Thorius pennatulus
- Conservation status: Endangered (IUCN 3.1)

Scientific classification
- Kingdom: Animalia
- Phylum: Chordata
- Class: Amphibia
- Order: Urodela
- Family: Plethodontidae
- Genus: Thorius
- Species: T. pennatulus
- Binomial name: Thorius pennatulus Cope, 1869

= Thorius pennatulus =

- Authority: Cope, 1869
- Conservation status: EN

Species of salamander

Thorius pennatulus is a species of salamander in the family Plethodontidae and one of the smallest tetrapods, with adults reaching a length of about 15 to 21 mm.
It is endemic to the mountains of Veracruz, Mexico.

==Description==
Thorius pennatulus is a very small species of salamander reaching a total length of up to 21 mm. The head is broad with a pointed snout, small nostrils and protuberant eyes. The tail and limbs are relatively long. The hands and feet are slender with short digits, the longest of which are pointed. The colour is generally pale brown with a regular pattern of darker markings on the back.

==Distribution and habitat==
Thorius pennatulus has been found at several locations on the Gulf slope of the northern Sierra Madre de Oaxaca, between 1,000 and 1,500 meters elevation. It is a terrestrial species and during the day hides under rocks, in or under rotten logs or among leaf litter in banana plantations. It inhabits cloud forest and lower altitude forest and is also found in damp coffee plantations.

==Biology==
The young of Thorius pennatulus develop directly in the egg and do not have a larval stage.

==Status==
Thorius pennatulus is listed as "Endangered" by the IUCN Red List of Threatened Species.
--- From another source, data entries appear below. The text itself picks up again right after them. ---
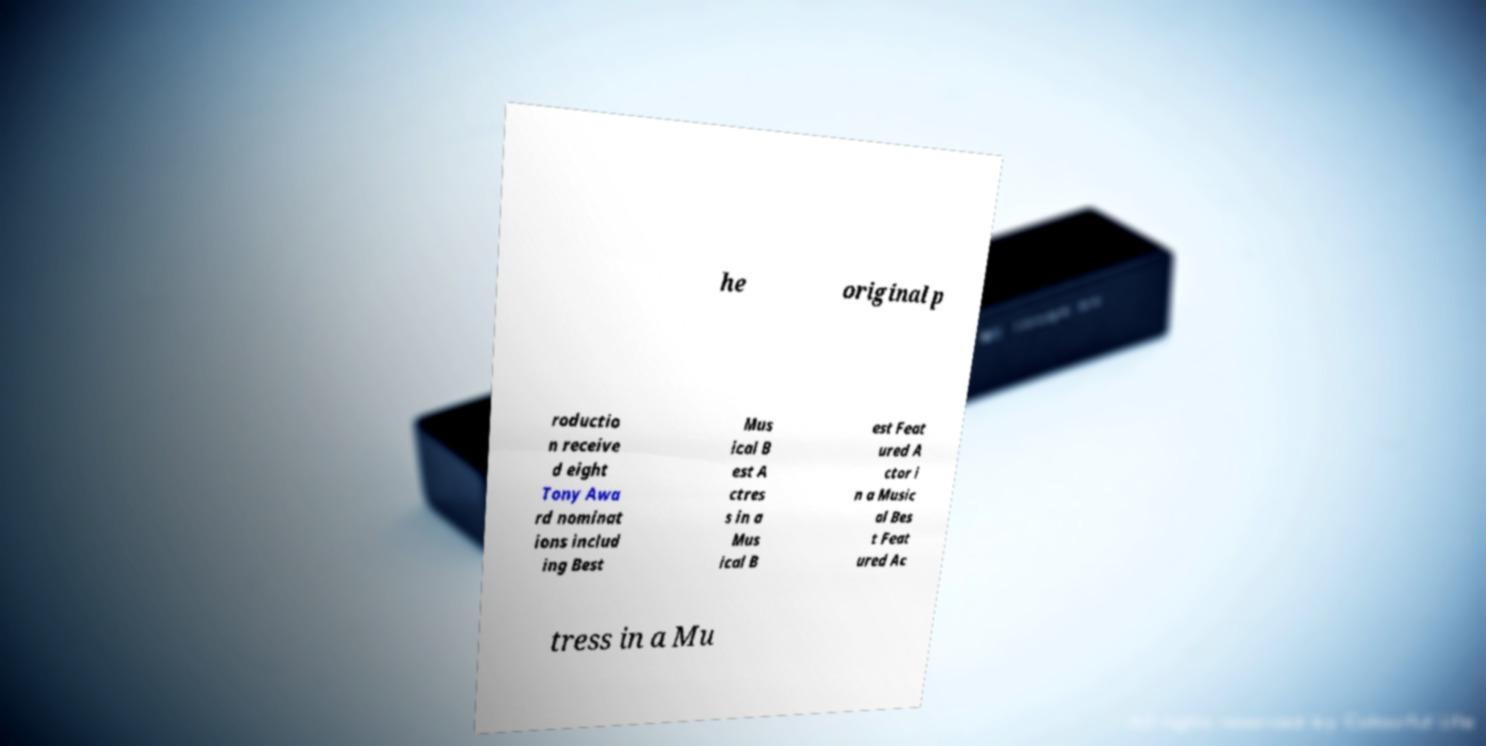There's text embedded in this image that I need extracted. Can you transcribe it verbatim? he original p roductio n receive d eight Tony Awa rd nominat ions includ ing Best Mus ical B est A ctres s in a Mus ical B est Feat ured A ctor i n a Music al Bes t Feat ured Ac tress in a Mu 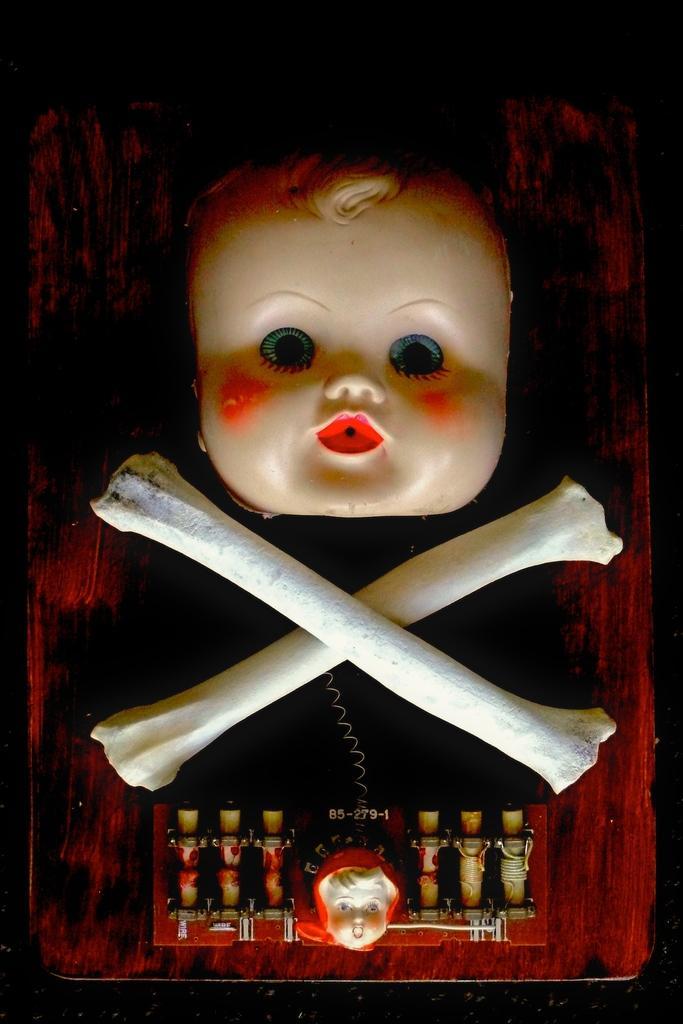In one or two sentences, can you explain what this image depicts? Here in this picture we can see a head of a toy and skeleton bones present on the table over there. 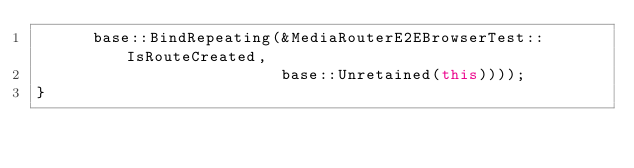<code> <loc_0><loc_0><loc_500><loc_500><_C++_>      base::BindRepeating(&MediaRouterE2EBrowserTest::IsRouteCreated,
                          base::Unretained(this))));
}
</code> 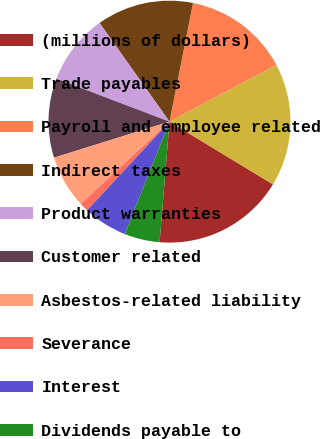Convert chart. <chart><loc_0><loc_0><loc_500><loc_500><pie_chart><fcel>(millions of dollars)<fcel>Trade payables<fcel>Payroll and employee related<fcel>Indirect taxes<fcel>Product warranties<fcel>Customer related<fcel>Asbestos-related liability<fcel>Severance<fcel>Interest<fcel>Dividends payable to<nl><fcel>17.63%<fcel>16.45%<fcel>14.11%<fcel>12.93%<fcel>9.41%<fcel>10.59%<fcel>7.07%<fcel>1.2%<fcel>5.89%<fcel>4.72%<nl></chart> 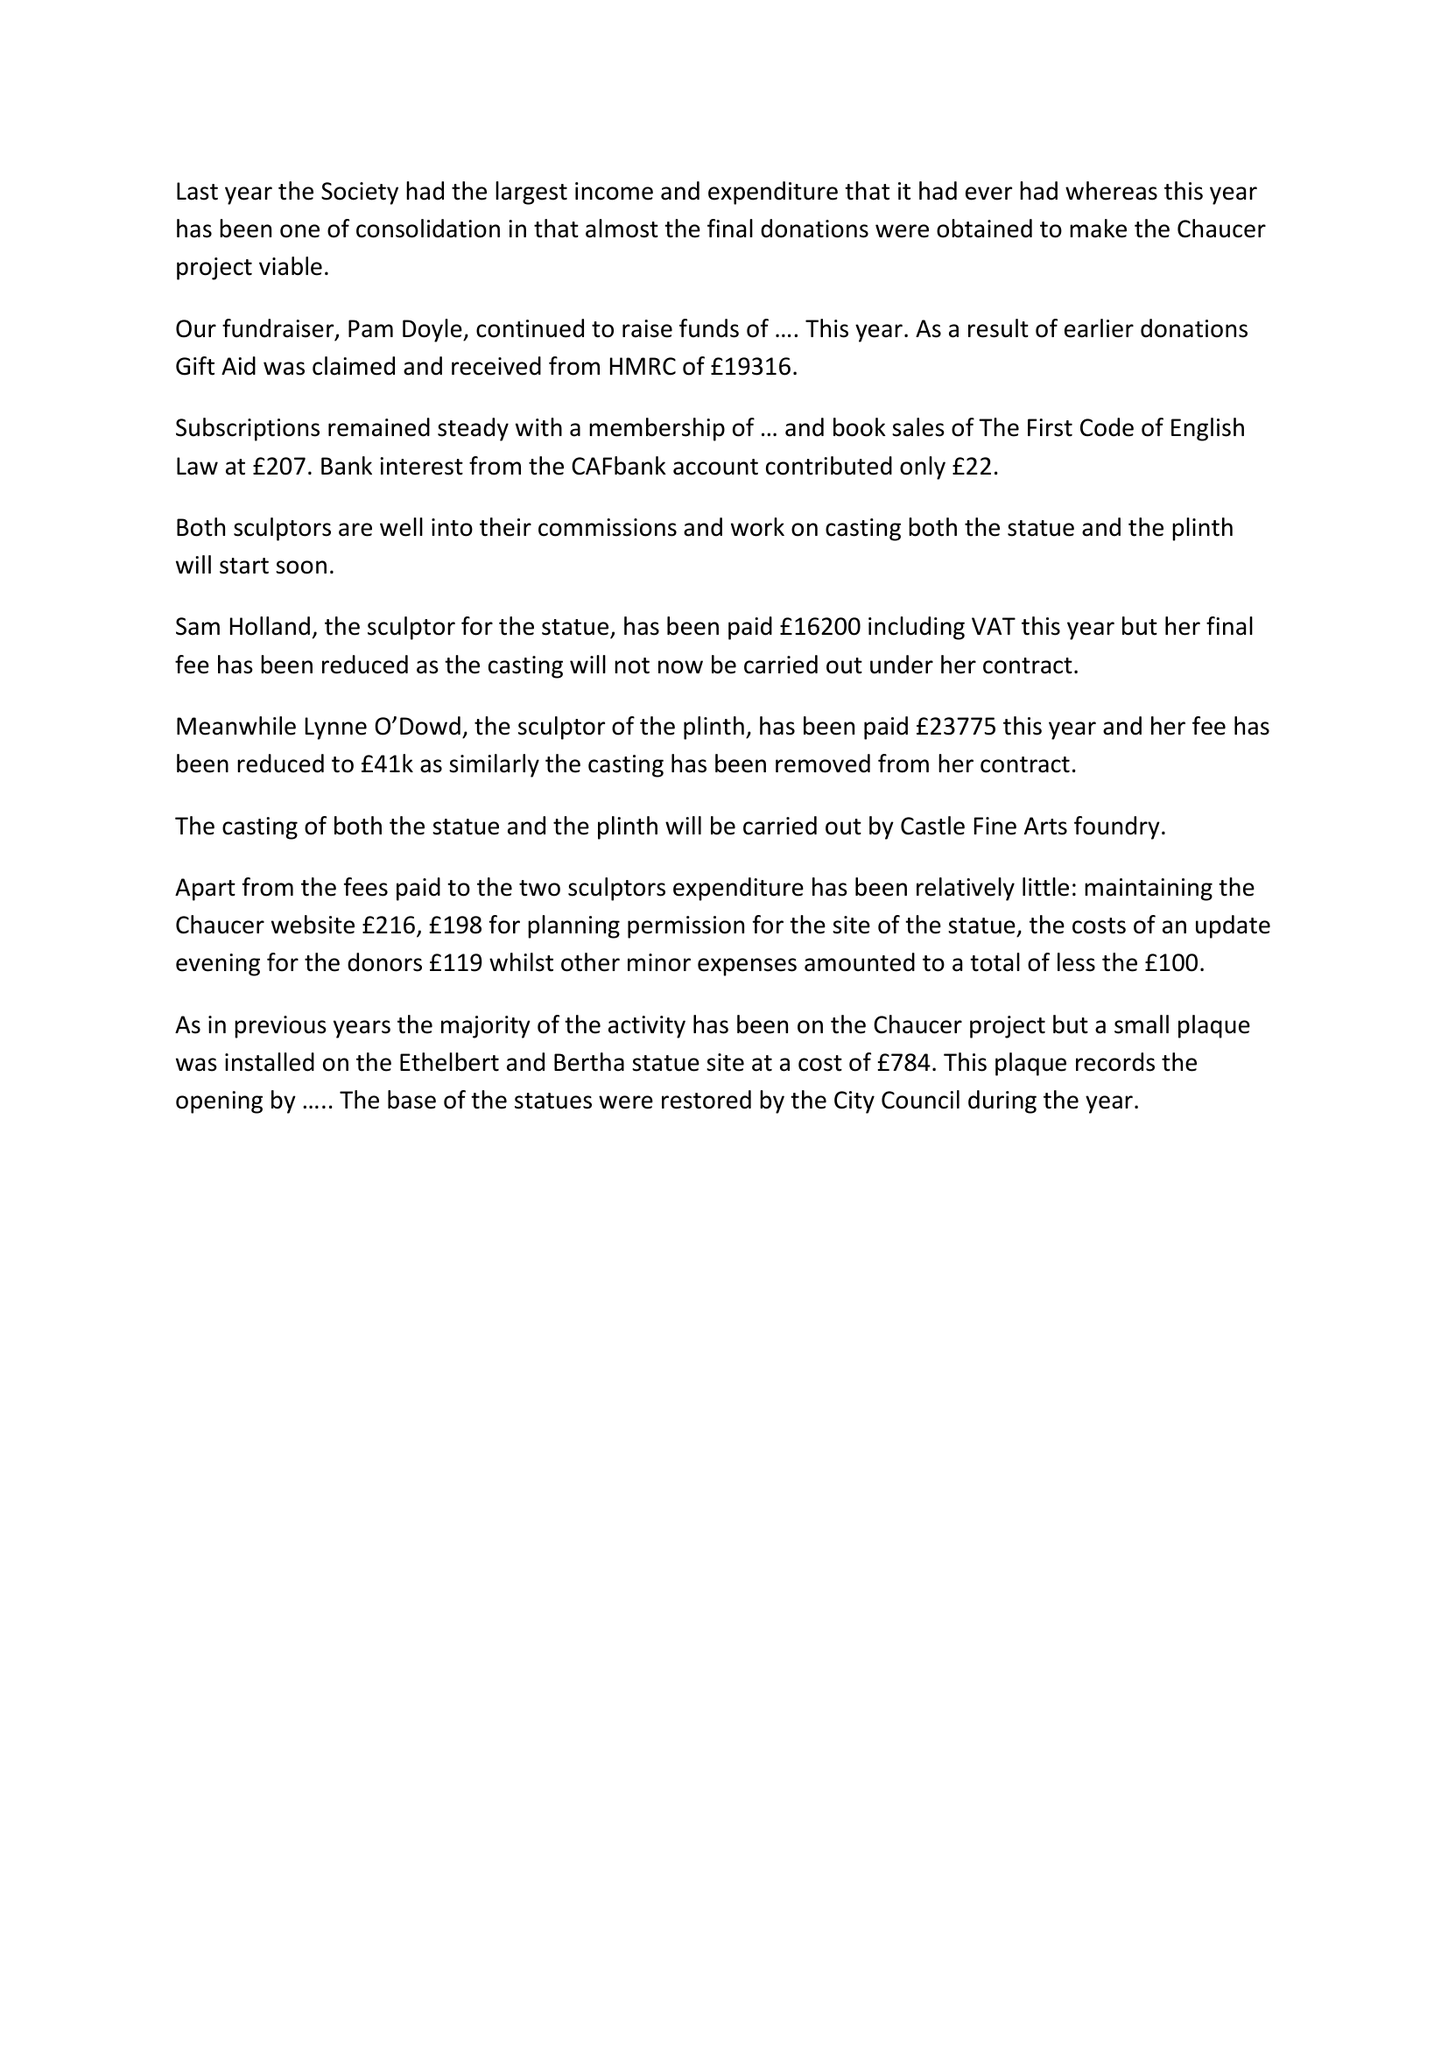What is the value for the address__postcode?
Answer the question using a single word or phrase. None 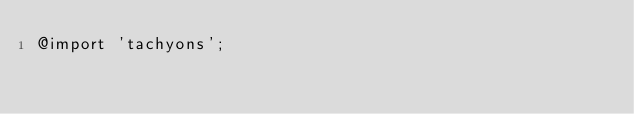<code> <loc_0><loc_0><loc_500><loc_500><_CSS_>@import 'tachyons';

</code> 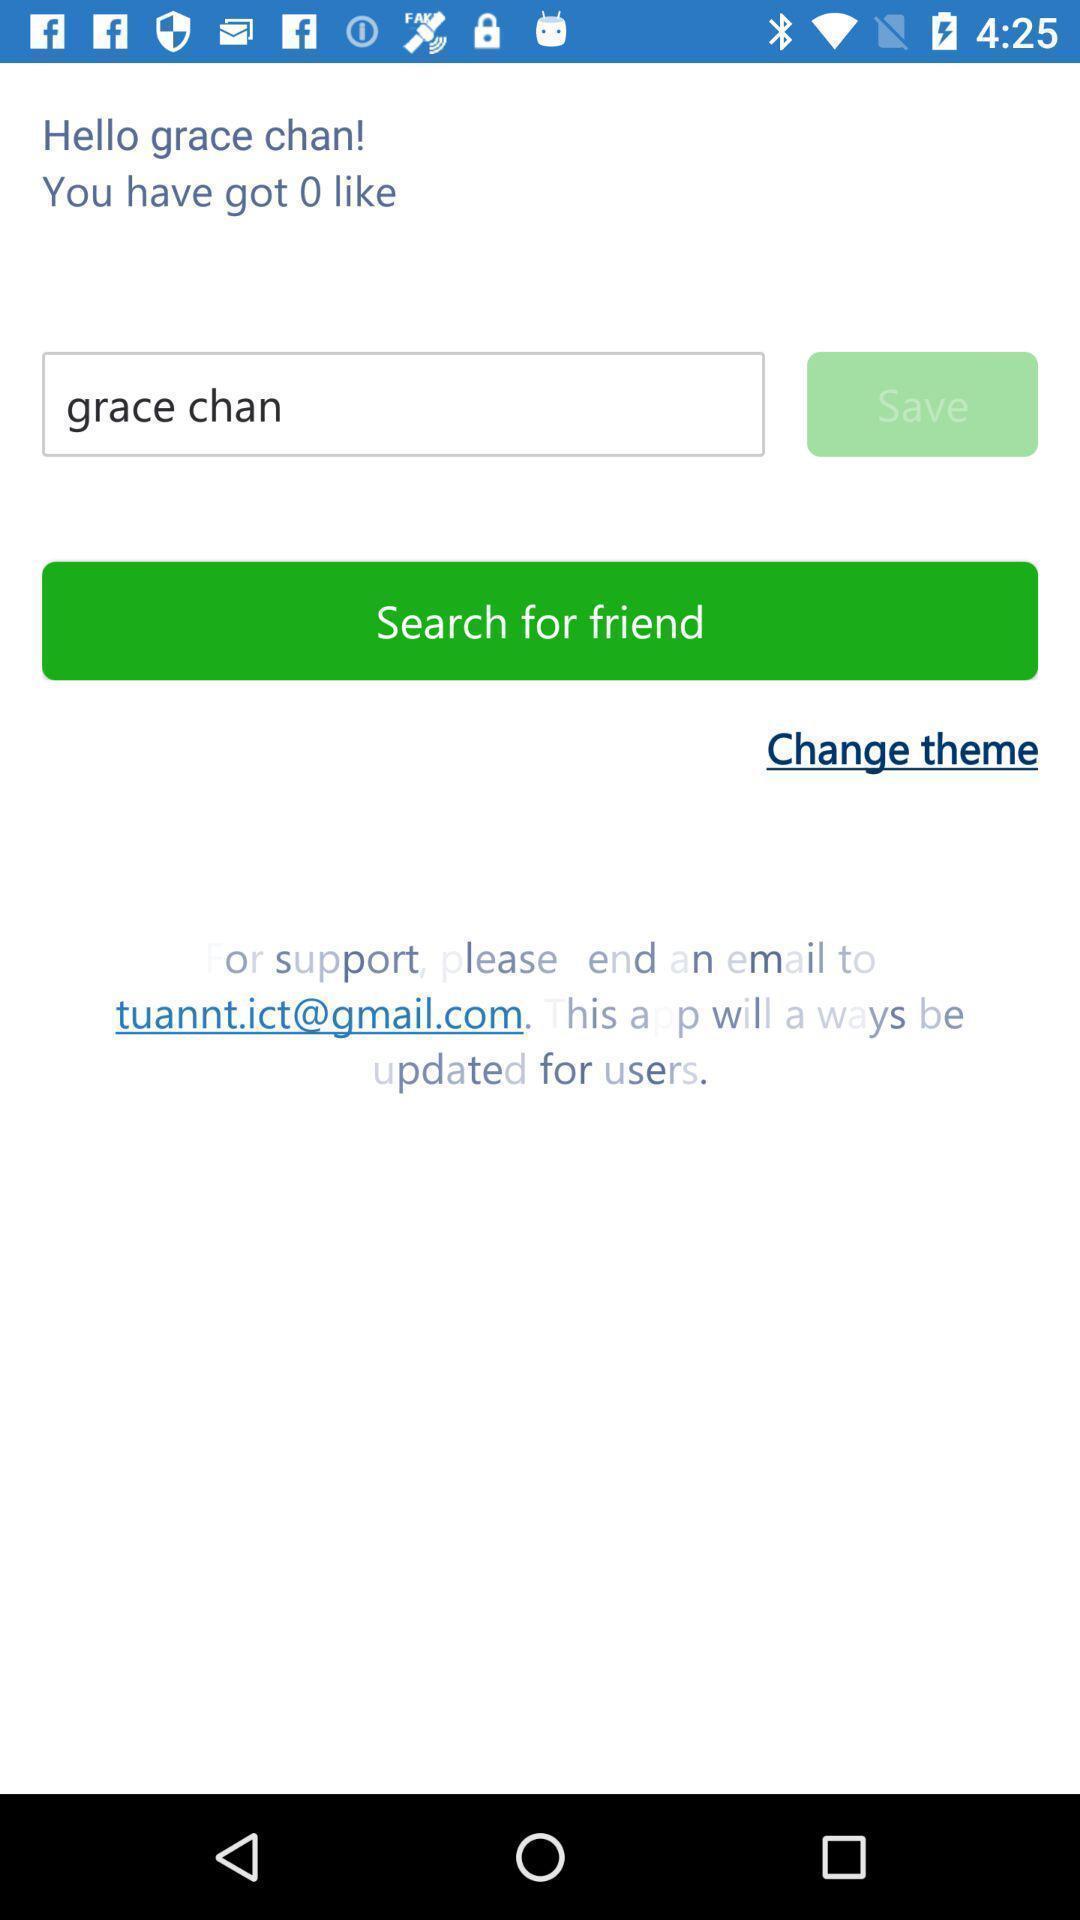Please provide a description for this image. Search for friend in the social app. 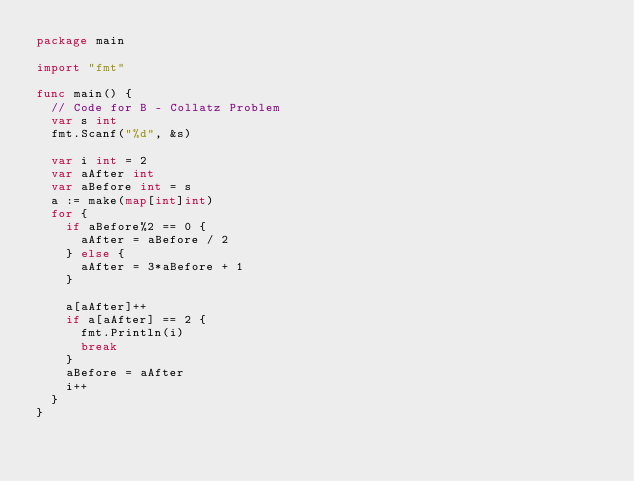<code> <loc_0><loc_0><loc_500><loc_500><_Go_>package main

import "fmt"

func main() {
	// Code for B - Collatz Problem
	var s int
	fmt.Scanf("%d", &s)

	var i int = 2
	var aAfter int
	var aBefore int = s
	a := make(map[int]int)
	for {
		if aBefore%2 == 0 {
			aAfter = aBefore / 2
		} else {
			aAfter = 3*aBefore + 1
		}

		a[aAfter]++
		if a[aAfter] == 2 {
			fmt.Println(i)
			break
		}
		aBefore = aAfter
		i++
	}
}
</code>

At one time it was a very common species in the limited area of forest and plantation where it is found but it underwent a large, unexplained decrease in population so that by the mid-1970s it was uncommon and since then it has continued to decline. There has been an increase in agricultural activities within its range but there is still plenty of good quality habitat remaining so its decline is a mystery. One individual was recorded in 2004 and another in 2006.